══ Supplied records ══

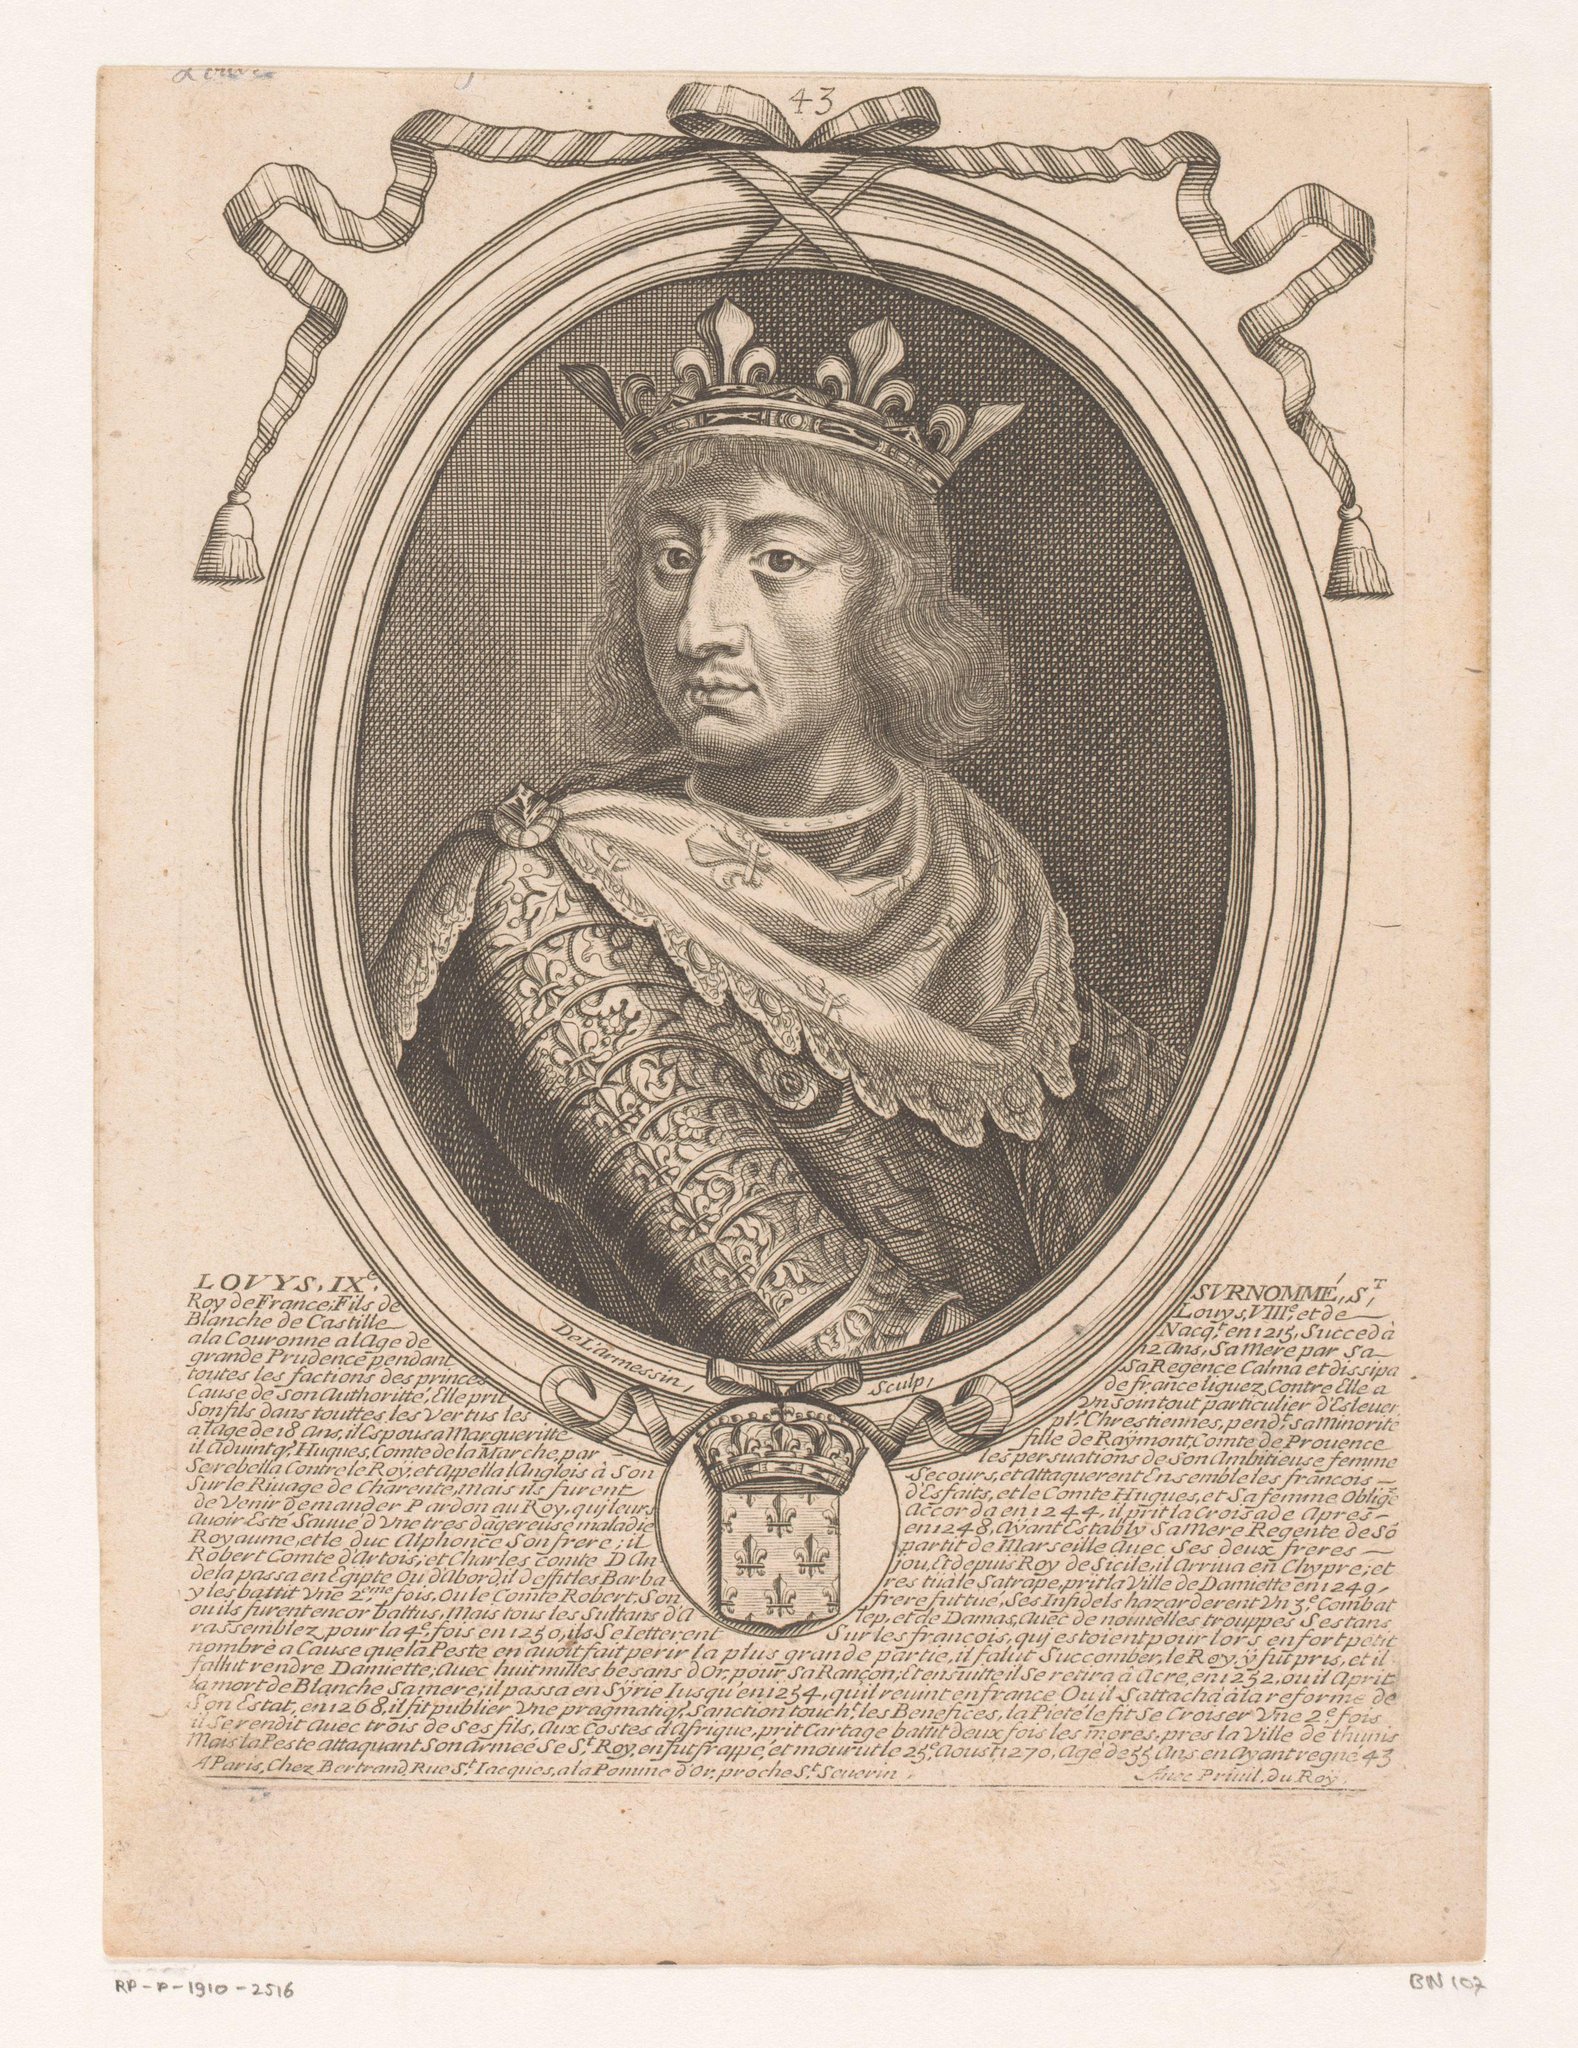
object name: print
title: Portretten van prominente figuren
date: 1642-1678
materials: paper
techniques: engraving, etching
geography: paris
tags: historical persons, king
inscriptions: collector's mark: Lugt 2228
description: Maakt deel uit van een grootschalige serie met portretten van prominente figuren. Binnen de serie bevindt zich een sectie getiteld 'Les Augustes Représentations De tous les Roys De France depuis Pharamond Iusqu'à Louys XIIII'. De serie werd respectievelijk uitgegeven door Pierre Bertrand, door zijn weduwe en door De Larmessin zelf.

═══
══ Supplied records ══

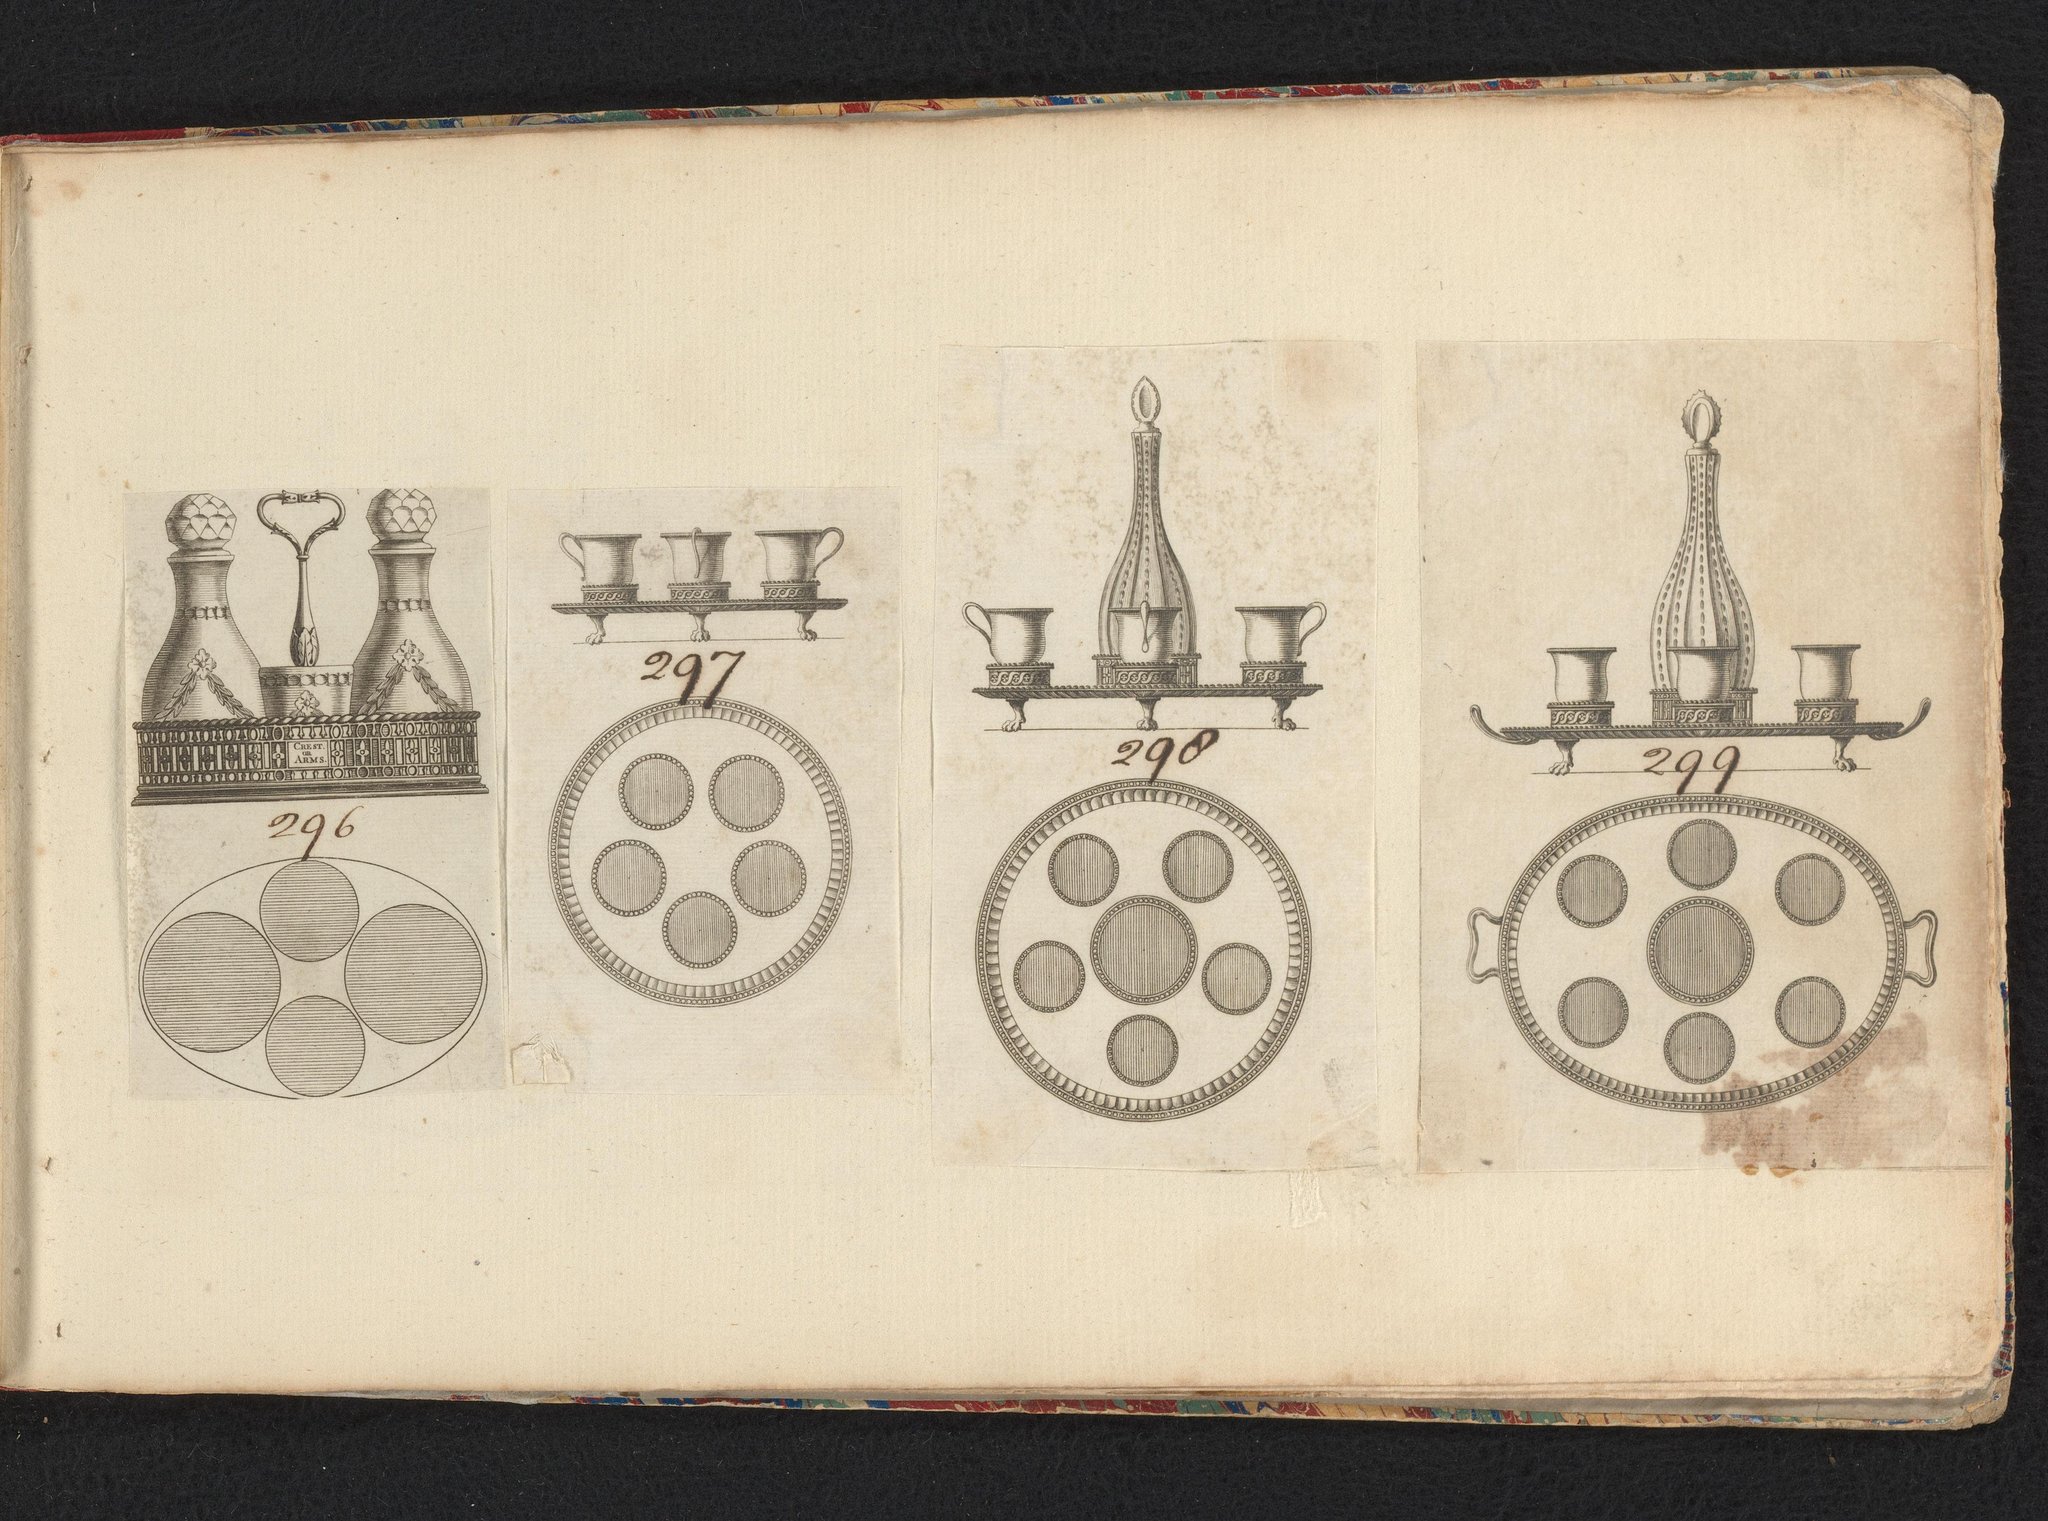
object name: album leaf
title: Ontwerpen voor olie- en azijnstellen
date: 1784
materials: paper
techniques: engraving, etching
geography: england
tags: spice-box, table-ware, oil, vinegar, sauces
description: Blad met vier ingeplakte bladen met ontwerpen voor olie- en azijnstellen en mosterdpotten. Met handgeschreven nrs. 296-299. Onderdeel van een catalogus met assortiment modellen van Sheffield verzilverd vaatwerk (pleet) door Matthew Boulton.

═══

Starting with the line above that holds "object name: print" and stopping with the line that holds "inscriptions: collector's mark: Lugt 2228", reproduce each line exactly, omitting all other lines.

object name: print
title: Portretten van prominente figuren
date: 1642-1678
materials: paper
techniques: engraving, etching
geography: paris
tags: historical persons, king
inscriptions: collector's mark: Lugt 2228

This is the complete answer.